● **Provided data**
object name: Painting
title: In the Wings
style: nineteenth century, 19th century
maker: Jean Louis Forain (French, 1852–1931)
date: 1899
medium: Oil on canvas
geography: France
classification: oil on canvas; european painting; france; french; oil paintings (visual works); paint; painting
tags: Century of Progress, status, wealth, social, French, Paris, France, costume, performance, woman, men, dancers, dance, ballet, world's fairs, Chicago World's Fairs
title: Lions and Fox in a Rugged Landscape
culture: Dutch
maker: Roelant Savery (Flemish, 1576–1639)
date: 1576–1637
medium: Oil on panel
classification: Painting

--

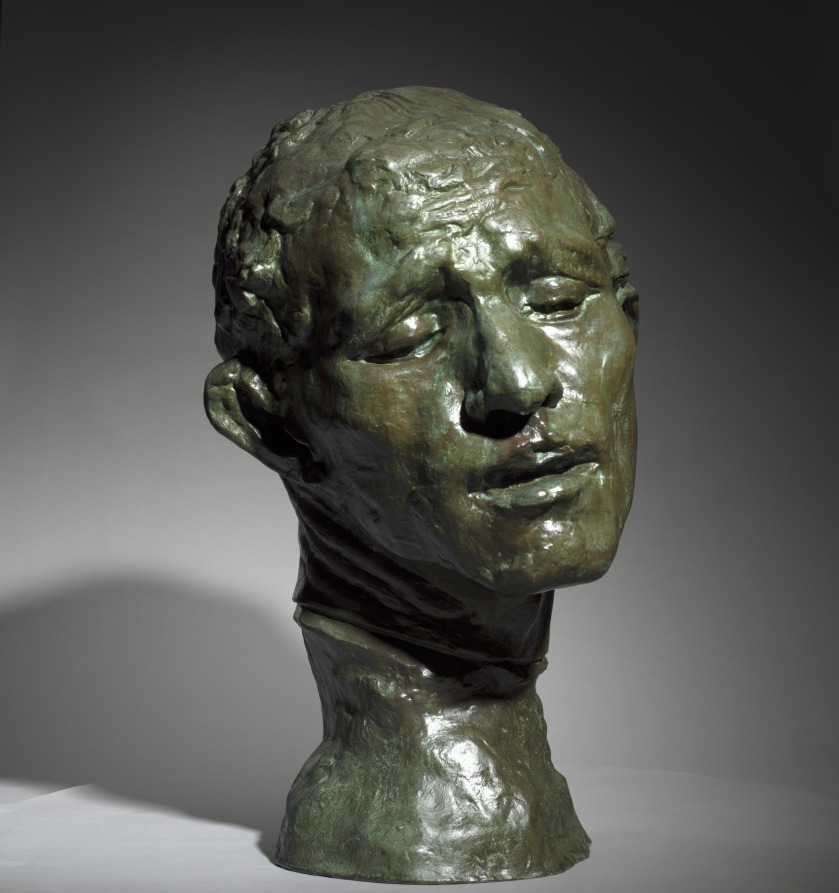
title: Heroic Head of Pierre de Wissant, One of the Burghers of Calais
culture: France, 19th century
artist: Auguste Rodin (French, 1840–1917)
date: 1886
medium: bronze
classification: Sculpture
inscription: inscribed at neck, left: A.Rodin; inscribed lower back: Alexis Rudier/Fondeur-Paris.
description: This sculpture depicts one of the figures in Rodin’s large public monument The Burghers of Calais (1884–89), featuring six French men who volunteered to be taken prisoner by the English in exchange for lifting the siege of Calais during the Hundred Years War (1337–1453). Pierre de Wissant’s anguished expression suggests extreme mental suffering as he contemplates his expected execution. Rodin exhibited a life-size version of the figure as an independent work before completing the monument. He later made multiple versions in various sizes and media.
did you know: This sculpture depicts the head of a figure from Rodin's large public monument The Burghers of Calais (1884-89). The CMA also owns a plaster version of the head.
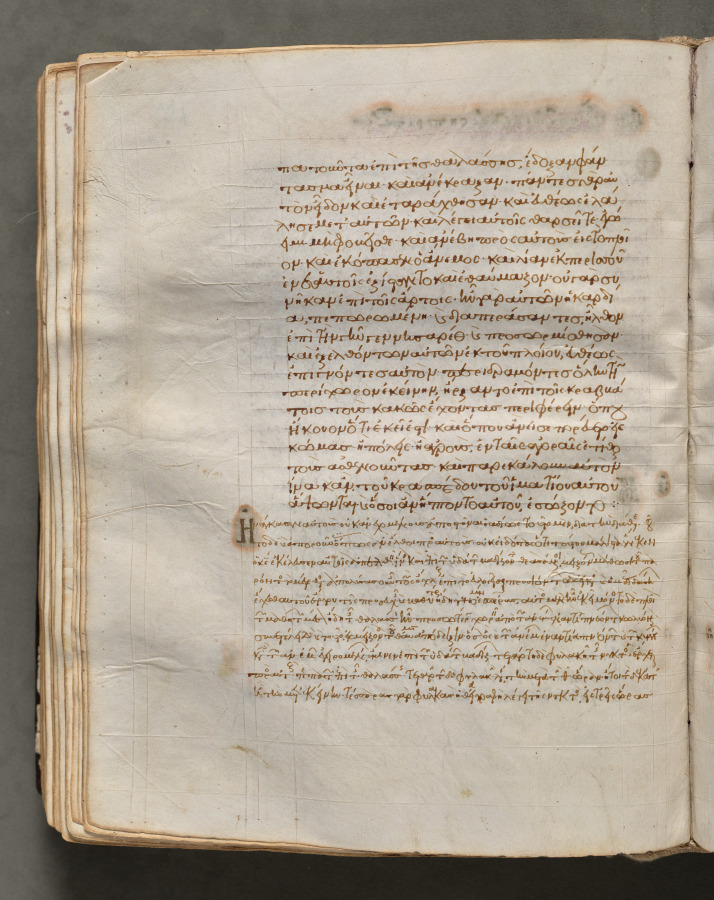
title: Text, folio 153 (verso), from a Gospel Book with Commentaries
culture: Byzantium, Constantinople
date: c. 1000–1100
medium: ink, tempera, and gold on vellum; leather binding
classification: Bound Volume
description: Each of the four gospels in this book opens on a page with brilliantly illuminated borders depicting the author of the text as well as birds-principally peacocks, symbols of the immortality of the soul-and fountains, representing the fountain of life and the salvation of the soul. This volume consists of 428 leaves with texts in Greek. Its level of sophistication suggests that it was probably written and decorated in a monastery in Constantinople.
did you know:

---

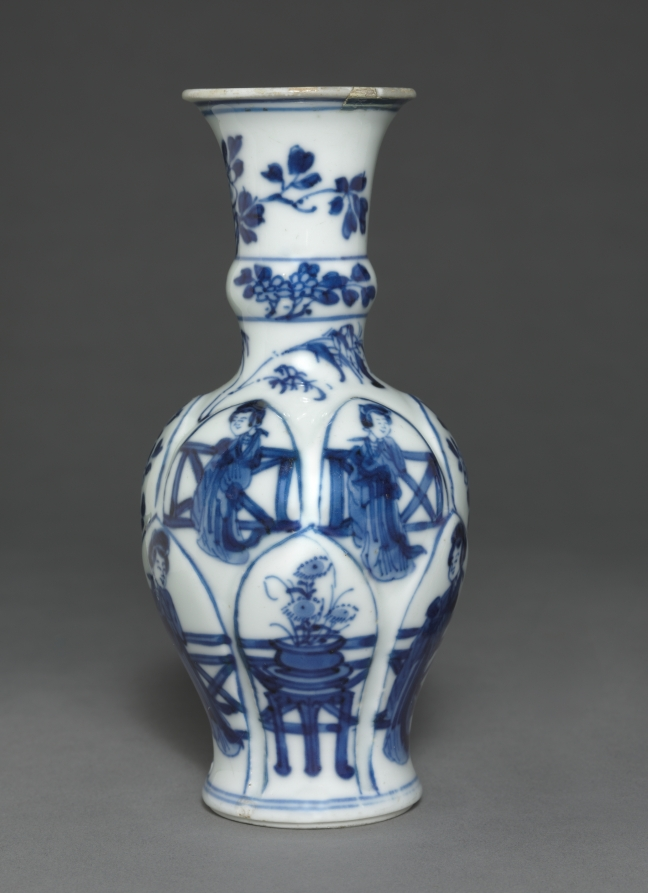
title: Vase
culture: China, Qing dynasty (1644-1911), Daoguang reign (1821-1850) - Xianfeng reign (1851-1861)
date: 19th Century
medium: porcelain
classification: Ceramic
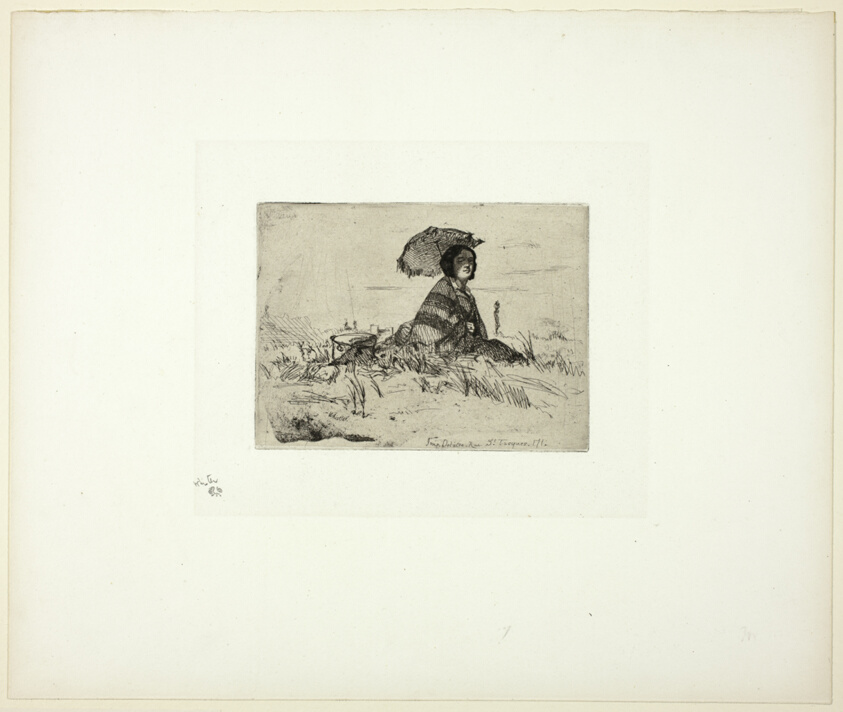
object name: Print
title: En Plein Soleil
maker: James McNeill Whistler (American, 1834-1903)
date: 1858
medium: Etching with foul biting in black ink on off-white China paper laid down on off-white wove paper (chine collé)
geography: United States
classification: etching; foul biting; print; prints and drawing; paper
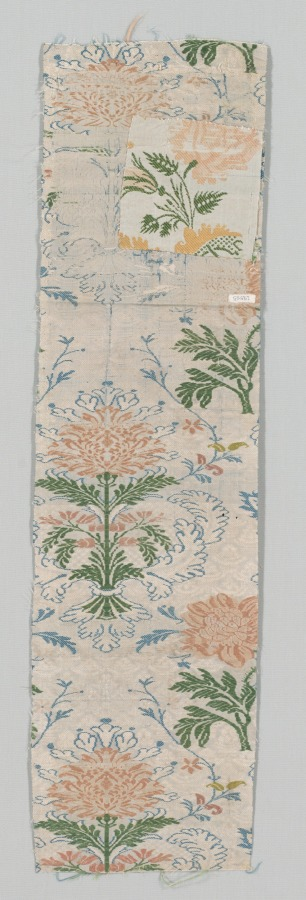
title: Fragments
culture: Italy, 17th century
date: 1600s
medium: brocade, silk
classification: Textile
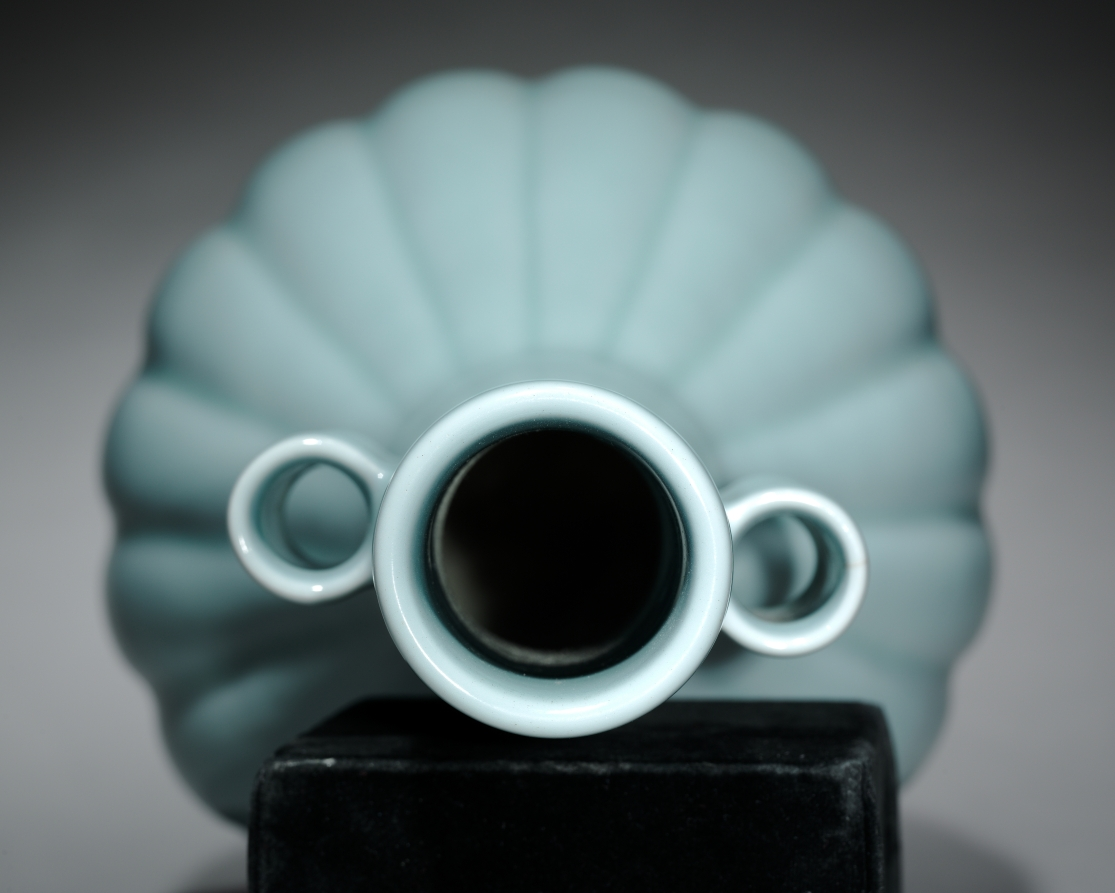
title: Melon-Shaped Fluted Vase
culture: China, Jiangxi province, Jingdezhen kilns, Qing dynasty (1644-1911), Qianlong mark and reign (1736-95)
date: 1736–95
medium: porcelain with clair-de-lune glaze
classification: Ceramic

● **What this task involves**
All that is wanted is a faithful reproduction of the line above with "object name: Painting", the line with "geography: France", and every line in between.

● **Result below**
object name: Painting
title: In the Wings
style: nineteenth century, 19th century
maker: Jean Louis Forain (French, 1852–1931)
date: 1899
medium: Oil on canvas
geography: France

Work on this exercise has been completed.